How to complete this task:
Set down all the entries again, word for word.

[Dataset records]
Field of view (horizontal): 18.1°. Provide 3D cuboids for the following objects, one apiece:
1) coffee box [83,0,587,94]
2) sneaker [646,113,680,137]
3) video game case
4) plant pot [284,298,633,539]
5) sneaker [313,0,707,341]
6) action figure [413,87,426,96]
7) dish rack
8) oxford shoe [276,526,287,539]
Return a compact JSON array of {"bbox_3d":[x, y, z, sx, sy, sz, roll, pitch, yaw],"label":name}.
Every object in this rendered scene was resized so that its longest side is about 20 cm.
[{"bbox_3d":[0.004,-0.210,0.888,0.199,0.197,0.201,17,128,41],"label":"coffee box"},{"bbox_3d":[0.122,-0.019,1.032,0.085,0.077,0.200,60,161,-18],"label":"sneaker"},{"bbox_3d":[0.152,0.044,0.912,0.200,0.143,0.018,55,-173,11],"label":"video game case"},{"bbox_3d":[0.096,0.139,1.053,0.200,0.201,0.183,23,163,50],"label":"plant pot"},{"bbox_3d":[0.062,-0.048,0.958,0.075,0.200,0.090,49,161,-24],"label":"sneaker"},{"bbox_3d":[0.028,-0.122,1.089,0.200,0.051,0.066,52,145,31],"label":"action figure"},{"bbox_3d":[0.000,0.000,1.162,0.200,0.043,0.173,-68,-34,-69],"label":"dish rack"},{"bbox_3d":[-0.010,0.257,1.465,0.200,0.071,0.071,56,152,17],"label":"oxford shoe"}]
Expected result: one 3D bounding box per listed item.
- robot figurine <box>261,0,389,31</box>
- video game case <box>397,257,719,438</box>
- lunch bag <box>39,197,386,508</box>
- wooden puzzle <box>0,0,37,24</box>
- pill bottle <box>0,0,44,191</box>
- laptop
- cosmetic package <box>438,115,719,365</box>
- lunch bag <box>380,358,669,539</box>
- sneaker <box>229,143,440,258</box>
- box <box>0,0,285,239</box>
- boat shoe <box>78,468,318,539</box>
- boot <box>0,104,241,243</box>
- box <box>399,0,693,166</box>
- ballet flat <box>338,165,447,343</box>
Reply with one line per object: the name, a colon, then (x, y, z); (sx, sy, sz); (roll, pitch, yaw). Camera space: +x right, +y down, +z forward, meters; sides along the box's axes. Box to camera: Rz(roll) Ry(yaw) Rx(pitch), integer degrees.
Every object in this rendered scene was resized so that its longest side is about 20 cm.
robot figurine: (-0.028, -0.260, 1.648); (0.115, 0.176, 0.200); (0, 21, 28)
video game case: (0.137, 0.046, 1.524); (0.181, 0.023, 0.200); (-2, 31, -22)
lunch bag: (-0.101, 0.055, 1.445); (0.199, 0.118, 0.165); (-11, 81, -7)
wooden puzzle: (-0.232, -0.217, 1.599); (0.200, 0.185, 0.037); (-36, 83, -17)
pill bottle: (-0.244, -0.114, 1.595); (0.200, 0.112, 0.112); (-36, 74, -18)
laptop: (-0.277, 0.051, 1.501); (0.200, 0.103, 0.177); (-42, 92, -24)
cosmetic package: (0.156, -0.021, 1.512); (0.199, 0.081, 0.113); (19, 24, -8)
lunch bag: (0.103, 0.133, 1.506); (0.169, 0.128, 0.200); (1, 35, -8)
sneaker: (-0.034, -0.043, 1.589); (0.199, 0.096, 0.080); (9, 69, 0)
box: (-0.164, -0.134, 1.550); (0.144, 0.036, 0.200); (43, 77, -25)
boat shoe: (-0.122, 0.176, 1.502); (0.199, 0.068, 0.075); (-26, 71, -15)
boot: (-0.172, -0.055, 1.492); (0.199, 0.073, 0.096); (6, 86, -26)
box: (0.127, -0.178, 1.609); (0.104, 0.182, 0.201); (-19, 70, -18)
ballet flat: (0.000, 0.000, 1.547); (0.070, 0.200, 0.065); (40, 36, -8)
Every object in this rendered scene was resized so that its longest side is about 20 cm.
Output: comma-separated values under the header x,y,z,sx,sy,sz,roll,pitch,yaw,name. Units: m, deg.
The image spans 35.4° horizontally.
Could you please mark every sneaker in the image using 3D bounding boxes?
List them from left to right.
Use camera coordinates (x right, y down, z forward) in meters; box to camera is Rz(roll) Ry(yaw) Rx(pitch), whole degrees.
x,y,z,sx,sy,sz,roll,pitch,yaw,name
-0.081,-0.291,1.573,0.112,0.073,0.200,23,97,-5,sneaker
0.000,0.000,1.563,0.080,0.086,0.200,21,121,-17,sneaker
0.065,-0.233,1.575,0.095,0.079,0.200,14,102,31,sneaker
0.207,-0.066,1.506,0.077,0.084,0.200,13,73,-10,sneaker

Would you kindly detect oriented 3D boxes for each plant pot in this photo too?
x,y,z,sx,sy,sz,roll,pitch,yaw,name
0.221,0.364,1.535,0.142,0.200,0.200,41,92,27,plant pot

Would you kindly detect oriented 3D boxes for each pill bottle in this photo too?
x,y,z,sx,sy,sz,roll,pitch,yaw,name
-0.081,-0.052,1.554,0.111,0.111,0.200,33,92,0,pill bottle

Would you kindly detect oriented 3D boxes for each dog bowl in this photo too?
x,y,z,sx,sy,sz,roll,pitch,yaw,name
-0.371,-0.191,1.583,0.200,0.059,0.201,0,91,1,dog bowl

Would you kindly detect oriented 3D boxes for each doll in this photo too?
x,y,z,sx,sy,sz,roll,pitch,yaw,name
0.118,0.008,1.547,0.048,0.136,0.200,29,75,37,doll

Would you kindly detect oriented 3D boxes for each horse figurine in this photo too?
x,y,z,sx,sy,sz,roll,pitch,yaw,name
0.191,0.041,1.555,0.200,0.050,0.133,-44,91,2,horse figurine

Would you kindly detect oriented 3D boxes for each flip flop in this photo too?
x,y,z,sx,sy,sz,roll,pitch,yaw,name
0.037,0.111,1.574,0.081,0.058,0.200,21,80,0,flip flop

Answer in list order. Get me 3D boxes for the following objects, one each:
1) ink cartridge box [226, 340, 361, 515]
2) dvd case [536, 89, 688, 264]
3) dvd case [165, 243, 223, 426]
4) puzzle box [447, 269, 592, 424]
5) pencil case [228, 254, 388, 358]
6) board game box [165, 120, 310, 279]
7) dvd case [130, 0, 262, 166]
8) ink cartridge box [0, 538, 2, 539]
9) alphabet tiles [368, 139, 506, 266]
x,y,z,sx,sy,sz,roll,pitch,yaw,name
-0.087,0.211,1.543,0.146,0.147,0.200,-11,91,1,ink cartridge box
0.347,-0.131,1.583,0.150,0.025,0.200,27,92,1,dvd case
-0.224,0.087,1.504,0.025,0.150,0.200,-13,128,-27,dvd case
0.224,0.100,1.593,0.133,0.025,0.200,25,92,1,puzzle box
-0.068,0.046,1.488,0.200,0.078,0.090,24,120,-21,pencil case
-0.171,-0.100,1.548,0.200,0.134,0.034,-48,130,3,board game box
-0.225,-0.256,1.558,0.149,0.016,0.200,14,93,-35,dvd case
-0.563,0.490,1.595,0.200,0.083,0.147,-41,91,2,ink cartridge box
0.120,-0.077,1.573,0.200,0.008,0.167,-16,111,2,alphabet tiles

Response for this exercise:
Field of view (horizontal): 18.1°. Provide 3D cuboids for the following objects, one apiece:
1) coffee box [83,0,587,94]
2) sneaker [646,113,680,137]
3) video game case
4) plant pot [284,298,633,539]
5) sneaker [313,0,707,341]
6) action figure [413,87,426,96]
7) dish rack
8) oxford shoe [276,526,287,539]
Return a compact JSON array of {"bbox_3d":[x, y, z, sx, sy, sz, roll, pitch, yaw],"label":name}.
Every object in this rendered scene was resized so that its longest side is about 20 cm.
[{"bbox_3d":[0.004,-0.210,0.888,0.199,0.197,0.201,17,128,41],"label":"coffee box"},{"bbox_3d":[0.122,-0.019,1.032,0.085,0.077,0.200,60,161,-18],"label":"sneaker"},{"bbox_3d":[0.152,0.044,0.912,0.200,0.143,0.018,55,-173,11],"label":"video game case"},{"bbox_3d":[0.096,0.139,1.053,0.200,0.201,0.183,23,163,50],"label":"plant pot"},{"bbox_3d":[0.062,-0.048,0.958,0.075,0.200,0.090,49,161,-24],"label":"sneaker"},{"bbox_3d":[0.028,-0.122,1.089,0.200,0.051,0.066,52,145,31],"label":"action figure"},{"bbox_3d":[0.000,0.000,1.162,0.200,0.043,0.173,-68,-34,-69],"label":"dish rack"},{"bbox_3d":[-0.010,0.257,1.465,0.200,0.071,0.071,56,152,17],"label":"oxford shoe"}]
Expected result: one 3D bounding box per listed item.
- robot figurine <box>261,0,389,31</box>
- video game case <box>397,257,719,438</box>
- lunch bag <box>39,197,386,508</box>
- wooden puzzle <box>0,0,37,24</box>
- pill bottle <box>0,0,44,191</box>
- laptop
- cosmetic package <box>438,115,719,365</box>
- lunch bag <box>380,358,669,539</box>
- sneaker <box>229,143,440,258</box>
- box <box>0,0,285,239</box>
- boat shoe <box>78,468,318,539</box>
- boot <box>0,104,241,243</box>
- box <box>399,0,693,166</box>
- ballet flat <box>338,165,447,343</box>
Reply with one line per object: the name, a colon, then (x, y, z); (sx, sy, sz); (roll, pitch, yaw). Camera space: +x right, +y down, +z forward, meters; sides along the box's axes. Box to camera: Rz(roll) Ry(yaw) Rx(pitch), integer degrees.
Every object in this rendered scene was resized so that its longest side is about 20 cm.
robot figurine: (-0.028, -0.260, 1.648); (0.115, 0.176, 0.200); (0, 21, 28)
video game case: (0.137, 0.046, 1.524); (0.181, 0.023, 0.200); (-2, 31, -22)
lunch bag: (-0.101, 0.055, 1.445); (0.199, 0.118, 0.165); (-11, 81, -7)
wooden puzzle: (-0.232, -0.217, 1.599); (0.200, 0.185, 0.037); (-36, 83, -17)
pill bottle: (-0.244, -0.114, 1.595); (0.200, 0.112, 0.112); (-36, 74, -18)
laptop: (-0.277, 0.051, 1.501); (0.200, 0.103, 0.177); (-42, 92, -24)
cosmetic package: (0.156, -0.021, 1.512); (0.199, 0.081, 0.113); (19, 24, -8)
lunch bag: (0.103, 0.133, 1.506); (0.169, 0.128, 0.200); (1, 35, -8)
sneaker: (-0.034, -0.043, 1.589); (0.199, 0.096, 0.080); (9, 69, 0)
box: (-0.164, -0.134, 1.550); (0.144, 0.036, 0.200); (43, 77, -25)
boat shoe: (-0.122, 0.176, 1.502); (0.199, 0.068, 0.075); (-26, 71, -15)
boot: (-0.172, -0.055, 1.492); (0.199, 0.073, 0.096); (6, 86, -26)
box: (0.127, -0.178, 1.609); (0.104, 0.182, 0.201); (-19, 70, -18)
ballet flat: (0.000, 0.000, 1.547); (0.070, 0.200, 0.065); (40, 36, -8)
Every object in this rendered scene was resized so that its longest side is about 20 cm.
Output: comma-separated values under the header x,y,z,sx,sy,sz,roll,pitch,yaw,name. Units: m, deg.
The image spans 35.4° horizontally.
Could you please mark every sneaker in the image using 3D bounding boxes?
List them from left to right.
Use camera coordinates (x right, y down, z forward) in meters; box to camera is Rz(roll) Ry(yaw) Rx(pitch), whole degrees.
x,y,z,sx,sy,sz,roll,pitch,yaw,name
-0.081,-0.291,1.573,0.112,0.073,0.200,23,97,-5,sneaker
0.000,0.000,1.563,0.080,0.086,0.200,21,121,-17,sneaker
0.065,-0.233,1.575,0.095,0.079,0.200,14,102,31,sneaker
0.207,-0.066,1.506,0.077,0.084,0.200,13,73,-10,sneaker

Would you kindly detect oriented 3D boxes for each plant pot in this photo too?
x,y,z,sx,sy,sz,roll,pitch,yaw,name
0.221,0.364,1.535,0.142,0.200,0.200,41,92,27,plant pot

Would you kindly detect oriented 3D boxes for each pill bottle in this photo too?
x,y,z,sx,sy,sz,roll,pitch,yaw,name
-0.081,-0.052,1.554,0.111,0.111,0.200,33,92,0,pill bottle

Would you kindly detect oriented 3D boxes for each dog bowl in this photo too?
x,y,z,sx,sy,sz,roll,pitch,yaw,name
-0.371,-0.191,1.583,0.200,0.059,0.201,0,91,1,dog bowl

Would you kindly detect oriented 3D boxes for each doll in this photo too?
x,y,z,sx,sy,sz,roll,pitch,yaw,name
0.118,0.008,1.547,0.048,0.136,0.200,29,75,37,doll

Would you kindly detect oriented 3D boxes for each horse figurine in this photo too?
x,y,z,sx,sy,sz,roll,pitch,yaw,name
0.191,0.041,1.555,0.200,0.050,0.133,-44,91,2,horse figurine

Would you kindly detect oriented 3D boxes for each flip flop in this photo too?
x,y,z,sx,sy,sz,roll,pitch,yaw,name
0.037,0.111,1.574,0.081,0.058,0.200,21,80,0,flip flop

Answer in list order. Get me 3D boxes for the following objects, one each:
1) ink cartridge box [226, 340, 361, 515]
2) dvd case [536, 89, 688, 264]
3) dvd case [165, 243, 223, 426]
4) puzzle box [447, 269, 592, 424]
5) pencil case [228, 254, 388, 358]
6) board game box [165, 120, 310, 279]
7) dvd case [130, 0, 262, 166]
8) ink cartridge box [0, 538, 2, 539]
9) alphabet tiles [368, 139, 506, 266]
x,y,z,sx,sy,sz,roll,pitch,yaw,name
-0.087,0.211,1.543,0.146,0.147,0.200,-11,91,1,ink cartridge box
0.347,-0.131,1.583,0.150,0.025,0.200,27,92,1,dvd case
-0.224,0.087,1.504,0.025,0.150,0.200,-13,128,-27,dvd case
0.224,0.100,1.593,0.133,0.025,0.200,25,92,1,puzzle box
-0.068,0.046,1.488,0.200,0.078,0.090,24,120,-21,pencil case
-0.171,-0.100,1.548,0.200,0.134,0.034,-48,130,3,board game box
-0.225,-0.256,1.558,0.149,0.016,0.200,14,93,-35,dvd case
-0.563,0.490,1.595,0.200,0.083,0.147,-41,91,2,ink cartridge box
0.120,-0.077,1.573,0.200,0.008,0.167,-16,111,2,alphabet tiles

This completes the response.